What you have to do — The word to look for is "object". Report every line of the entries below that has it.

++++ Dataset records ++++

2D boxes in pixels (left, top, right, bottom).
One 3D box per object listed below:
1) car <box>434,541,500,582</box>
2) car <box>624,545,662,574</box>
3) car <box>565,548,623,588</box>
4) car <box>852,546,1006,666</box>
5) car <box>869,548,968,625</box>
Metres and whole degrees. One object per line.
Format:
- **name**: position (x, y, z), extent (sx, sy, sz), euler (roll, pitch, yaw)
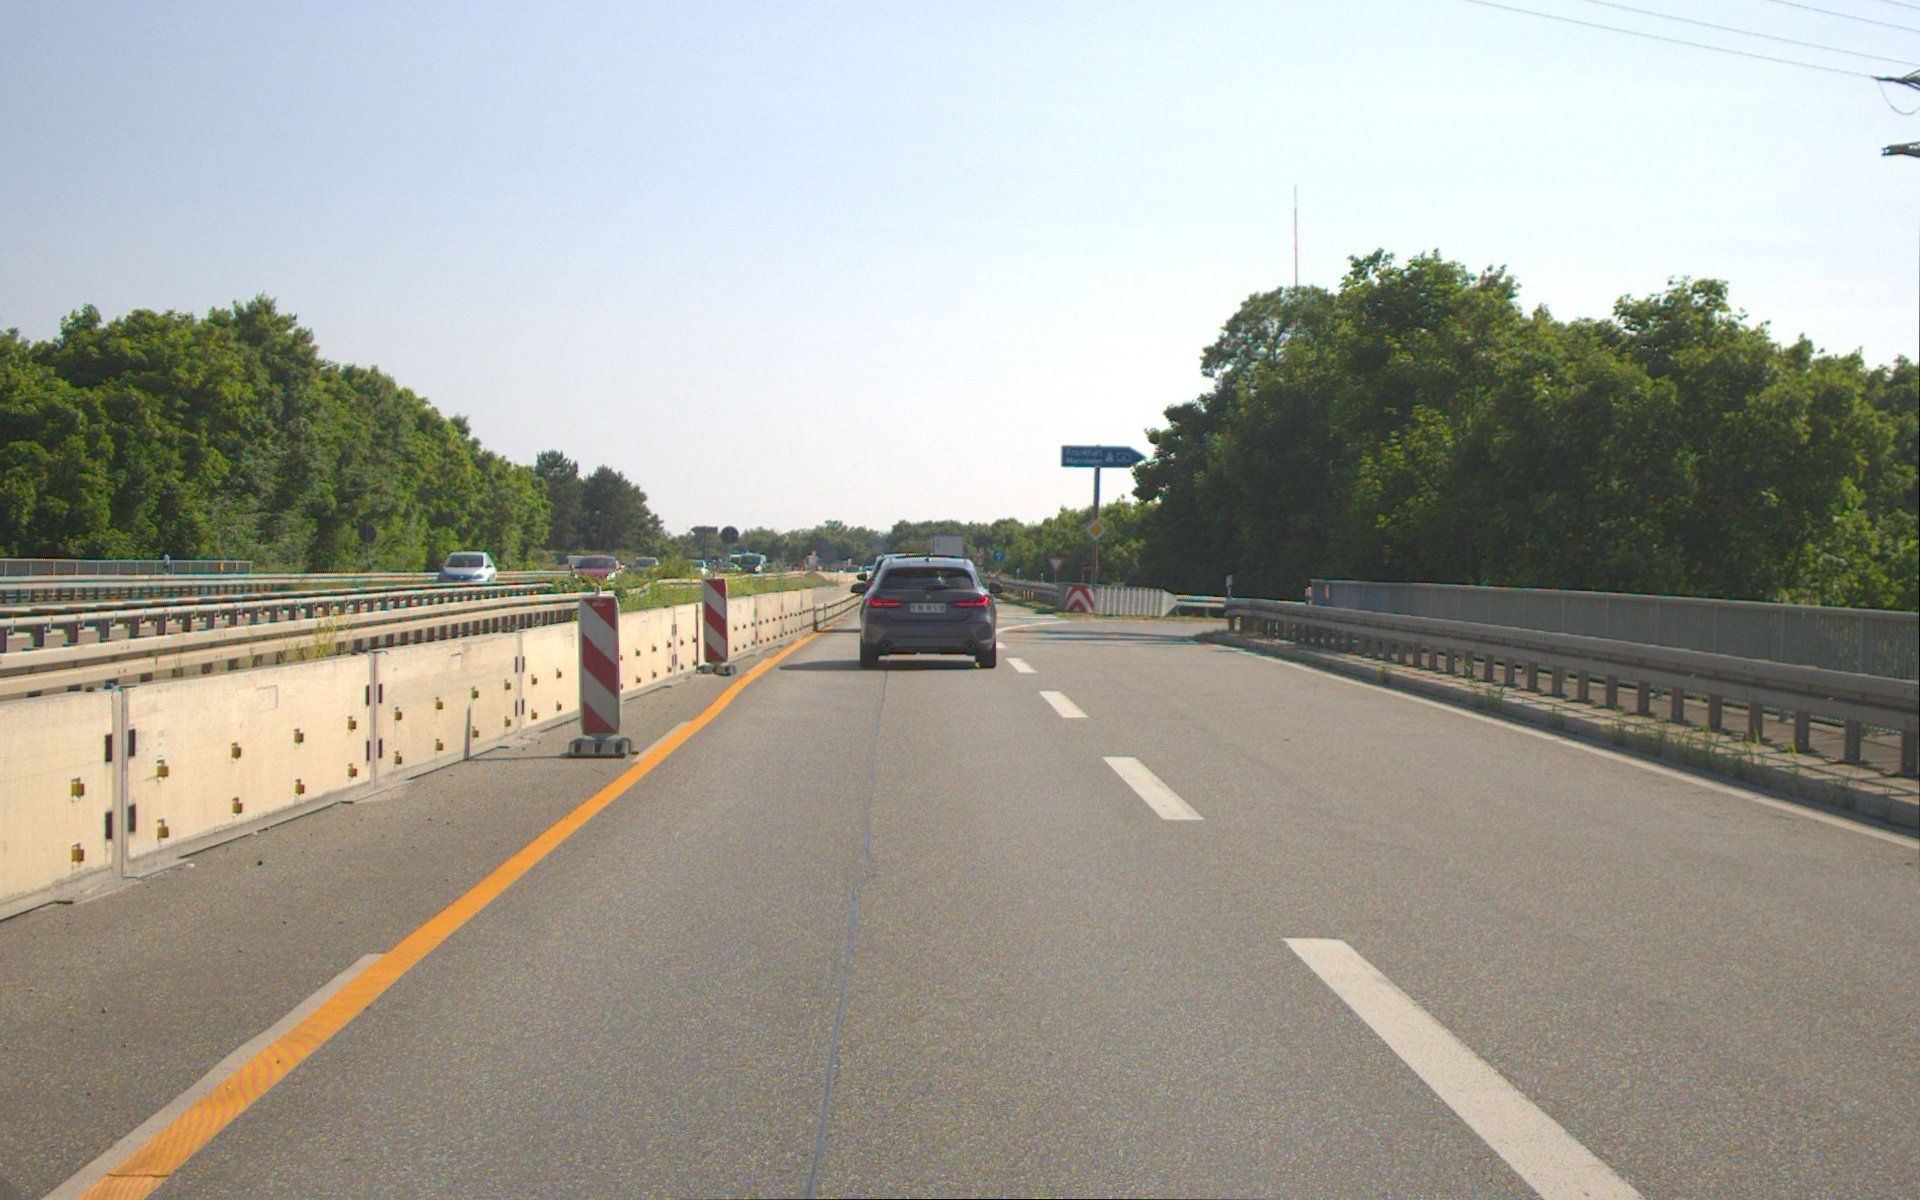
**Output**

++++
++++ Dataset records ++++

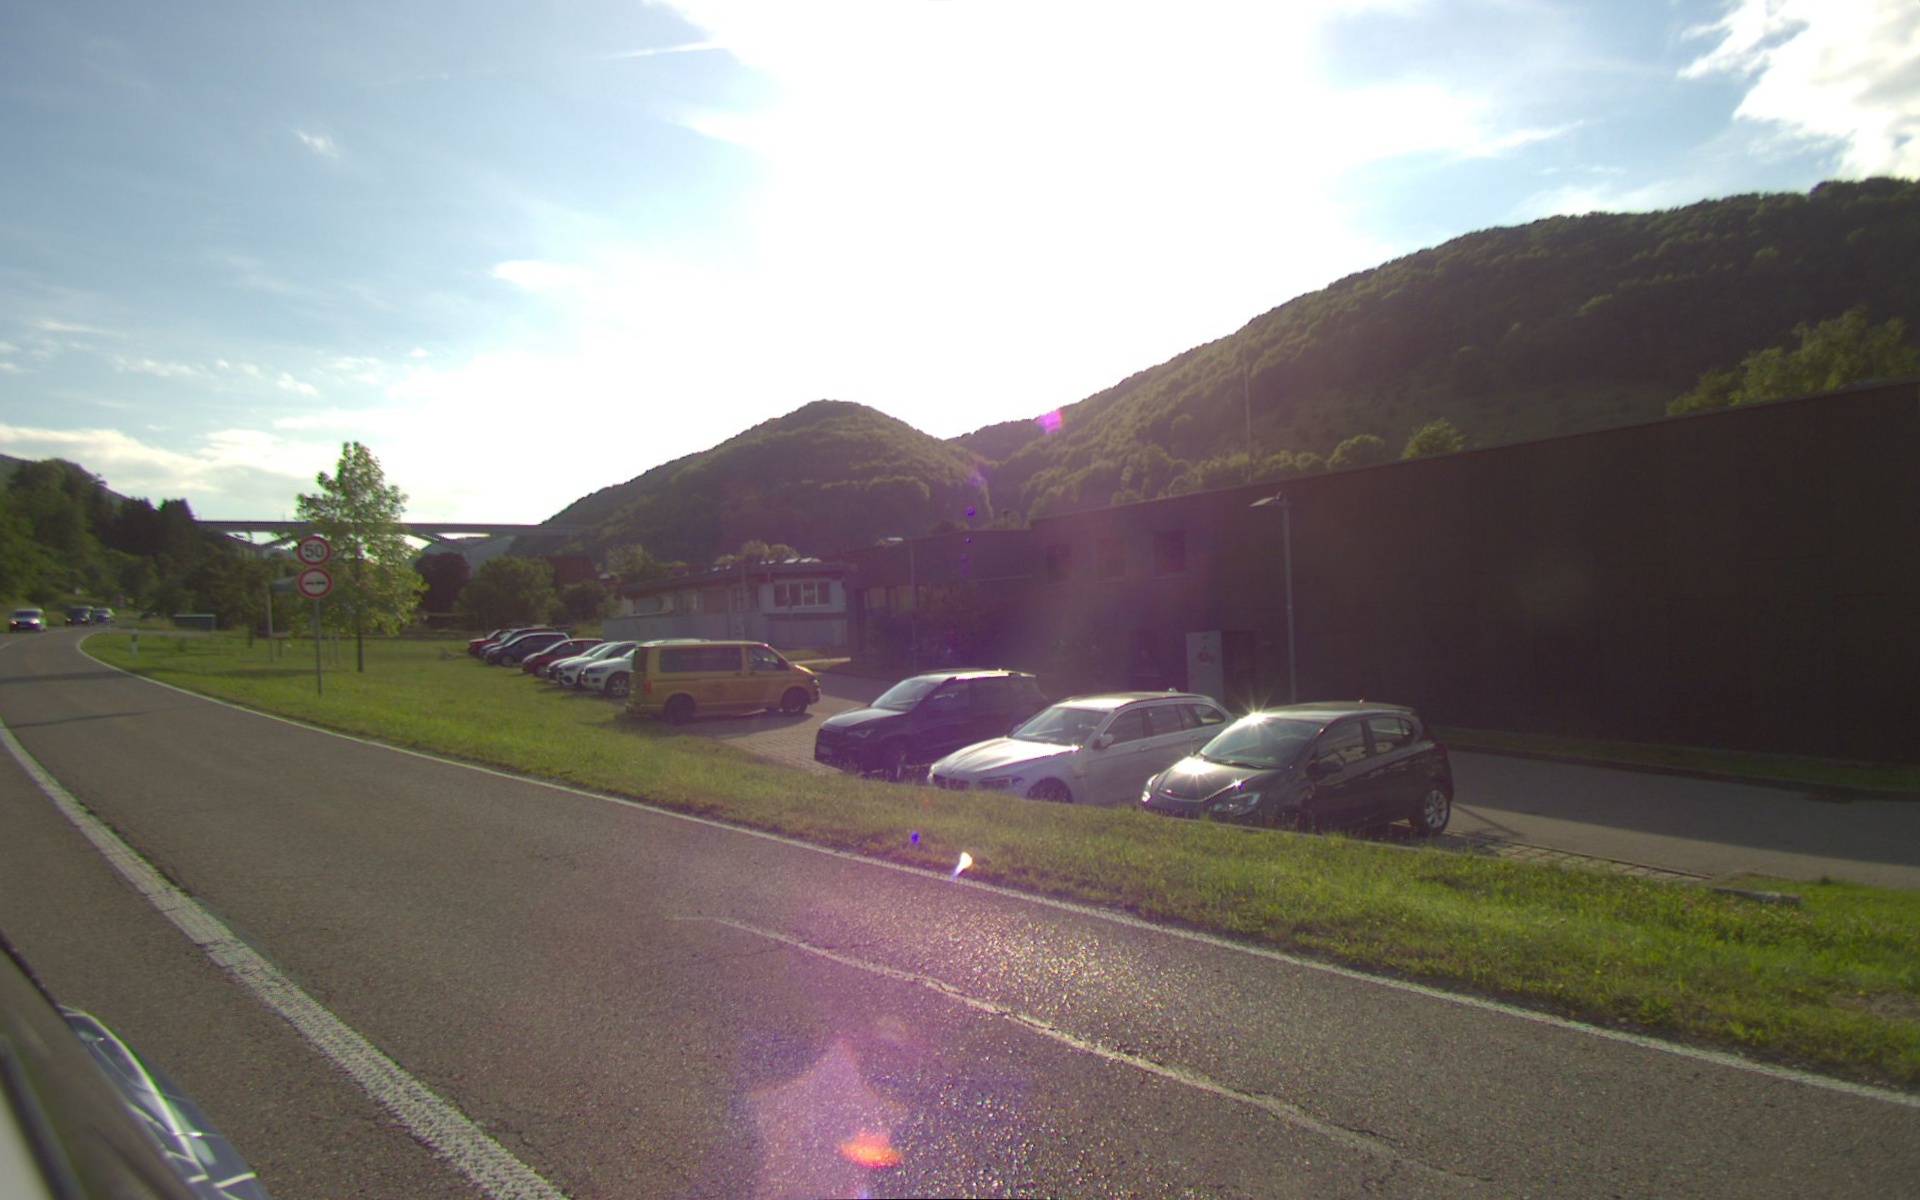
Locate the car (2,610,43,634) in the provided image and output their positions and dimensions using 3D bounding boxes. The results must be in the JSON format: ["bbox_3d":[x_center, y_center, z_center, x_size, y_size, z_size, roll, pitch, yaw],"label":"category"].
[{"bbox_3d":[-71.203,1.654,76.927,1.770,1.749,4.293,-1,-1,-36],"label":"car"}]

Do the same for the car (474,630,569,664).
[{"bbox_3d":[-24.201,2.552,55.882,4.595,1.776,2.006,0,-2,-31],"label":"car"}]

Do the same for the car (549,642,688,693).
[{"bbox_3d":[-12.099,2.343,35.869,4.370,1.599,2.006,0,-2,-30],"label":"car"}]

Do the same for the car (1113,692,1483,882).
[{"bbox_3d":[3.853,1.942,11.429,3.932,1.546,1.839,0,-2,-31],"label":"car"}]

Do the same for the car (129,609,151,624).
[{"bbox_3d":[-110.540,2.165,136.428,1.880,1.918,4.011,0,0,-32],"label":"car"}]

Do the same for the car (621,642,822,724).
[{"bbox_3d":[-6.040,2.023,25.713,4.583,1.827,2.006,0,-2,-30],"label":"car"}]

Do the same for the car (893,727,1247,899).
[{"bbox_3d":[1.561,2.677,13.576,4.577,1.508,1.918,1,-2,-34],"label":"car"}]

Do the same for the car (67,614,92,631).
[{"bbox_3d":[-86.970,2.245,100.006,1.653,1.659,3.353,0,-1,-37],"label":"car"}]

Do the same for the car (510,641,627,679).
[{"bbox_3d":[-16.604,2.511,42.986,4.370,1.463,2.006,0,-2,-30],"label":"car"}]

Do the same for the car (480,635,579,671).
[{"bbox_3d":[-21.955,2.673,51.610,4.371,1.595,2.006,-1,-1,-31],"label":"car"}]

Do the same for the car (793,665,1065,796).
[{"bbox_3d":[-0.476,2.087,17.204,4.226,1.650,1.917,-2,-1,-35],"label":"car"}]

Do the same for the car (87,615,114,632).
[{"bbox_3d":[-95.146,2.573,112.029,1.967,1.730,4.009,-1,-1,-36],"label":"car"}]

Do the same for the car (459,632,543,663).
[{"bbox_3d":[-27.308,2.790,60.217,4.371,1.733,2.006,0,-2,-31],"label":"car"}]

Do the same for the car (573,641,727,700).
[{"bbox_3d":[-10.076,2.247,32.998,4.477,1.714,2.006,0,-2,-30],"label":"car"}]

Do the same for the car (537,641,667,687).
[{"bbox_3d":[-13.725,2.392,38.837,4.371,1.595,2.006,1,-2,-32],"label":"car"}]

++++

Task response —
One 3D box per object listed below:
Metres and whole degrees. One object per line.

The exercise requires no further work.